Adegan berlanjut di rumah Kang Bahar. Ia terlihat sedang duduk tegap, lengkap beserta tongkat yang selalu dipegangnya. Kang Bahar memanggil Amin, mengatakan bahwa ia sudah pensiun dari bisnisnya. Kalau Kang Bahar sudah pensiun, artinya intensitasnya bepergian akan menurun.
Kang Bahar juga mengatakan kepada Amin bahwa ia hanya akan duduk dan menunggu anak-cucunya datang.
“Saya belum pecat kamu, tapi kamu sudah boleh cari pekerjaan lain,” kata Kang Bahar kepada Amin.
Dengan wajah sedih, Amin pergi ke tempat ia biasa duduk dengan Imas. Di sana Amin berkata pada Imas, “Bapak udah nggak perlu Aa’ Amin lagi.”
Adegan dilanjutkan dengan Ubed yang pada awal episode digambarkan sebagai tukang copet yang beralih profesi jadi tukang cilok. Saat lagi duduk nyantai menunggu pelanggan dan bicara dengan Dewi, partner jualan ciloknya tentang pengembangan usahanya, Ubed ditelepon Amin yang. Amin mengatakan ia butuh pekerjaan baru karena bosnya pensiun.
Setelah ditelepon oleh Amin, Ubed mendapat telepon lagi. Yang menelepon ternyata Saep, partner in crime-nya dalam mencopet.
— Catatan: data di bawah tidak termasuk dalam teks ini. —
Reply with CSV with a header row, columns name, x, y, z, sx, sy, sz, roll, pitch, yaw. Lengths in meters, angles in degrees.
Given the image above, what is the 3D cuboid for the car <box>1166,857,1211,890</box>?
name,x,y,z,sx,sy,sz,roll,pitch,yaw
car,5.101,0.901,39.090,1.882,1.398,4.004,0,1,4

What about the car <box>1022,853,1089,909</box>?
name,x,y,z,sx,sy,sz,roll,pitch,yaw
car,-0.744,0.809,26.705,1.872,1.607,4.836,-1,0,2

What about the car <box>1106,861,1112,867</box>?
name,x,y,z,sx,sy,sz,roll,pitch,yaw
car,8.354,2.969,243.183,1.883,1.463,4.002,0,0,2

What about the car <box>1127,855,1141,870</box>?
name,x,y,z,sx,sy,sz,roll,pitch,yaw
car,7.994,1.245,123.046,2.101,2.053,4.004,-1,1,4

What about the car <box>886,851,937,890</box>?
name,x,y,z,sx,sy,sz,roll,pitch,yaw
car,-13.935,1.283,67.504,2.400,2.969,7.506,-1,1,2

Saep menanyakan bagaimana hasilnya jualan cilok dan lebih banyak mana, hasil jualan cilok atau hasil mencopet. Ubed menjawab, lebih banyak mencopet. Saep langsung membalas, “Nggak kepikiran buat balik lagi jadi copet?”
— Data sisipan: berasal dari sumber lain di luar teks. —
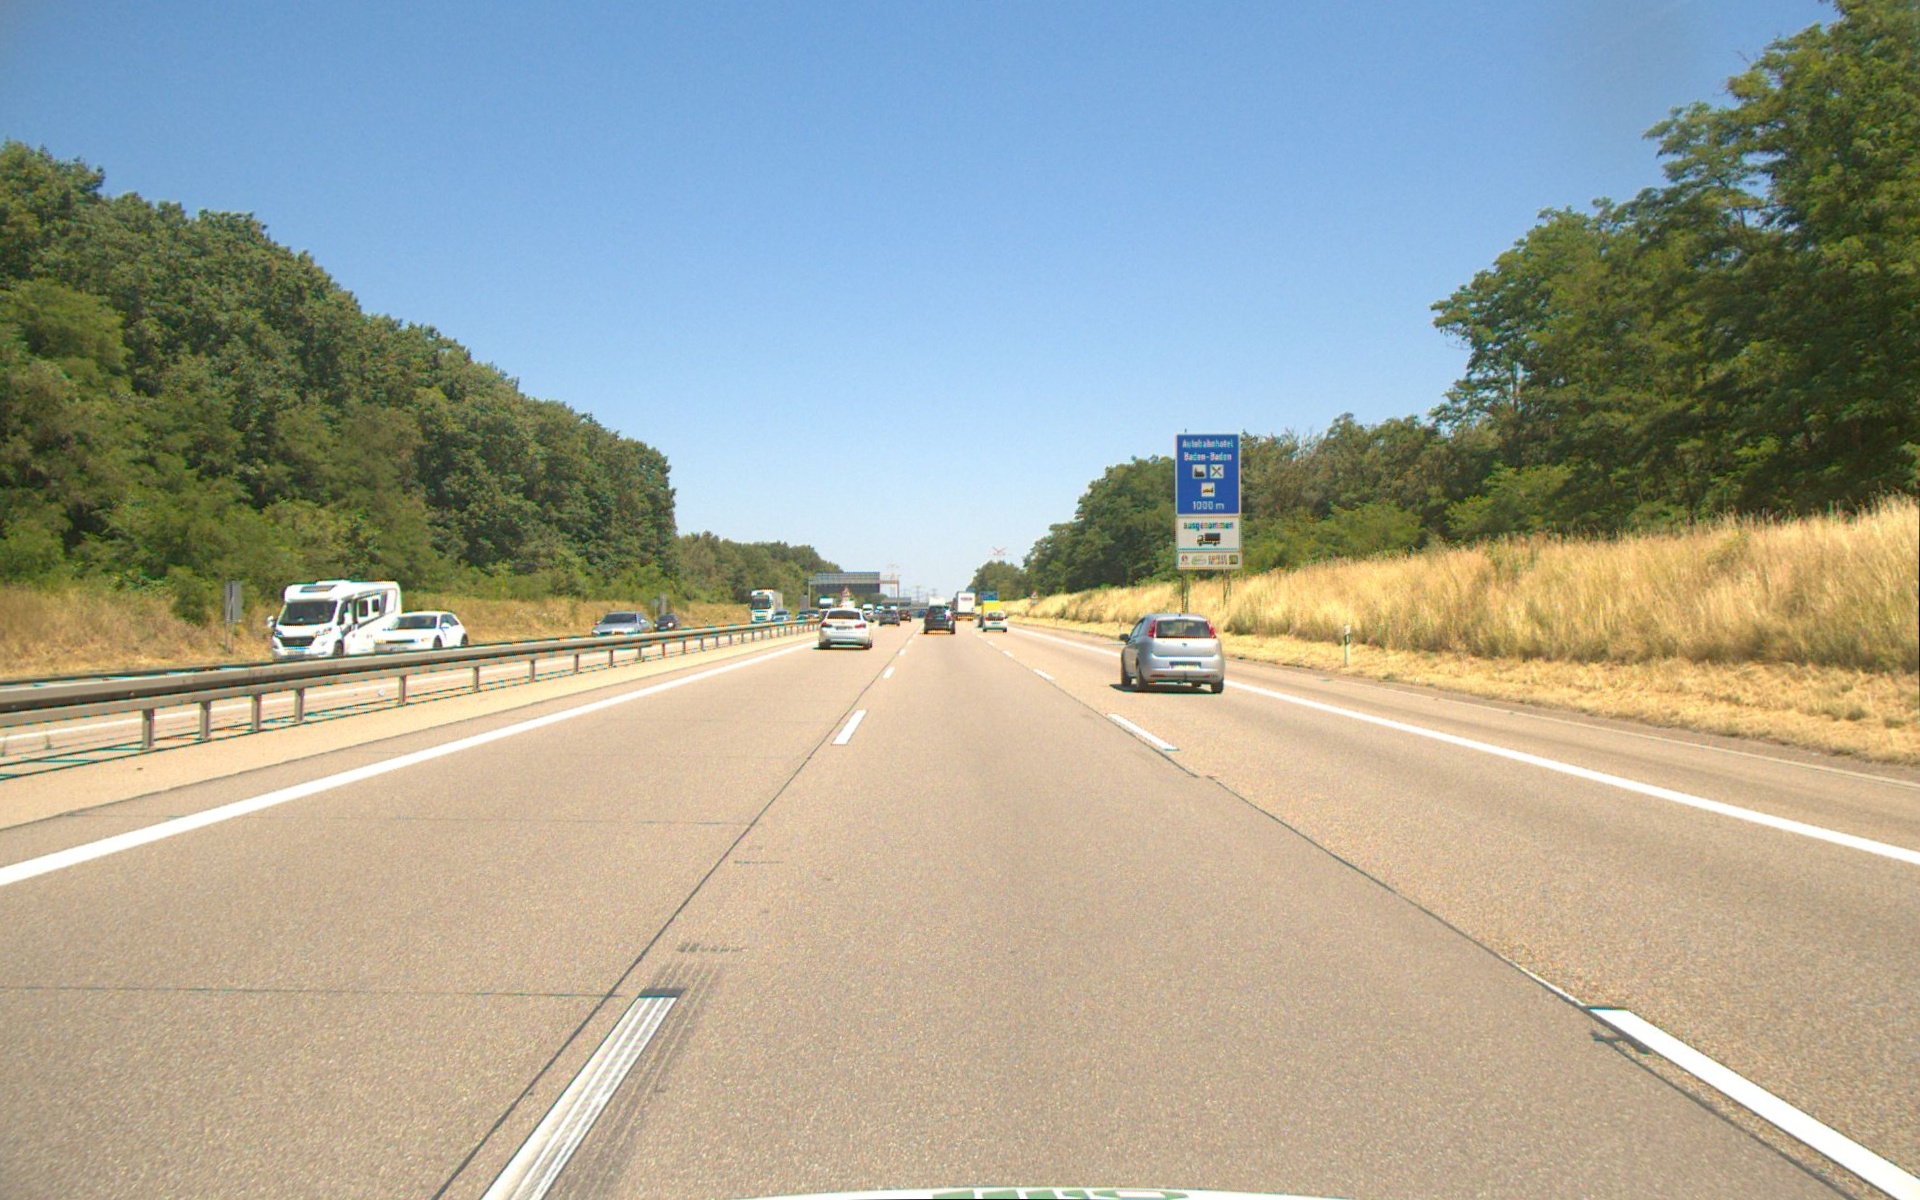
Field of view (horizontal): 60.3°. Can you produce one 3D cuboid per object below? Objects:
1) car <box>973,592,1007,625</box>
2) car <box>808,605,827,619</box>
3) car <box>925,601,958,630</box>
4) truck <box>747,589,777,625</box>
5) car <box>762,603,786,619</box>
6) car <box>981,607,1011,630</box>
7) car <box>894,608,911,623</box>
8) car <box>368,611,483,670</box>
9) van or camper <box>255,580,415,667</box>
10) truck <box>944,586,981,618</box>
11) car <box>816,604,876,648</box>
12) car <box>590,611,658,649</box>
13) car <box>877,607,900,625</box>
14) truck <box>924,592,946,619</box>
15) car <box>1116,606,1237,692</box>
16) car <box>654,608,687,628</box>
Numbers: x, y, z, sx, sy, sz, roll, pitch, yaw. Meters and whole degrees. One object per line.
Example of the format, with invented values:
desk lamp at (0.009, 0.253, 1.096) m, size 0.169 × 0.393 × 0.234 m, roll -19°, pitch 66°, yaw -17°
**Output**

Meski Ubed menjawab tidak, Saep tak menyerah. “Kalau kamu kangen sama kerjaan lama kamu, kita jadi partner lagi, di sepanjang jalan kenangan.”
Dalam adegan selanjutnya, Amin izin kepada Kang Bahar yang tengah santai di teras rumah untuk pergi keluar. Setelah diizinkan, Amin pergi dan Kang Bahar menelepon Kang Mus. Dalam pembicaraannya, Kang Bahar meminta Kang Mus membantu Amin mencari pekerjaan. Kang Mus mengiyakan dan telepon ditutup.
Amin, yang pergi sebelum Kang Bahar menelepon, terlihat sudah berada di dalam angkot. Ketika ia turun, Amin menyadari dompetnya hilang. Akhirnya, diteleponlah Kang Mus untuk mengabarkan ia kecopetan. Pelaku copetnya adalah partner Ubed, yakni Saep.
Awalnya saya mengira Kang Mus akan membantu Amin dengan metode yang sama seperti di episode 1 dengan menyuruh anak buahnya mencari siapa pencopetnya. Ternyata kali ini Kang Mus membawa Amin ke kantor polisi buat bikin laporan kehilangan yang nanti bisa dipakai membuat KTP dan SIM baru. Kang Mus juga memberikan uang jaga-jaga, siapa tahu Amin butuh.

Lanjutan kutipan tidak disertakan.